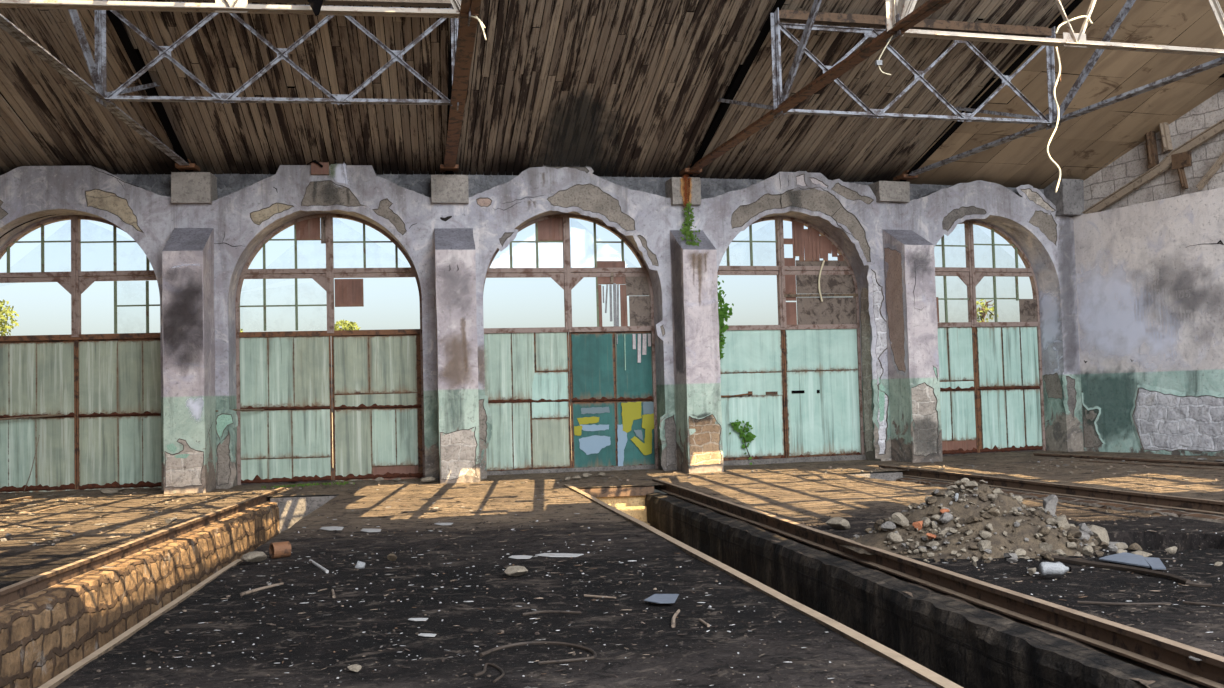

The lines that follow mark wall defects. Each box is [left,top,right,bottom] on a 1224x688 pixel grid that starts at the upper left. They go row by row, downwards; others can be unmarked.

spalling [245,160,411,240]
spalling [540,164,663,271]
spalling [938,202,989,236]
spalling [1016,184,1060,250]
spalling [726,170,955,488]
leakage [1041,219,1178,369]
peeling [164,409,238,493]
peeling [659,409,723,471]
spalling [1042,369,1107,452]
leakage [1081,372,1133,436]
spalling [1130,383,1224,456]
spalling [0,494,339,688]

_Your objective_
Give back the full listing word for word, with the pictures left out.

_Task result_
The lines that follow mark wall defects. Each box is [left,top,right,bottom] on a 1224x688 pixel grid that starts at the upper left. They go row by row, downwards; others can be unmarked.

spalling [245,160,411,240]
spalling [540,164,663,271]
spalling [938,202,989,236]
spalling [1016,184,1060,250]
spalling [726,170,955,488]
leakage [1041,219,1178,369]
peeling [164,409,238,493]
peeling [659,409,723,471]
spalling [1042,369,1107,452]
leakage [1081,372,1133,436]
spalling [1130,383,1224,456]
spalling [0,494,339,688]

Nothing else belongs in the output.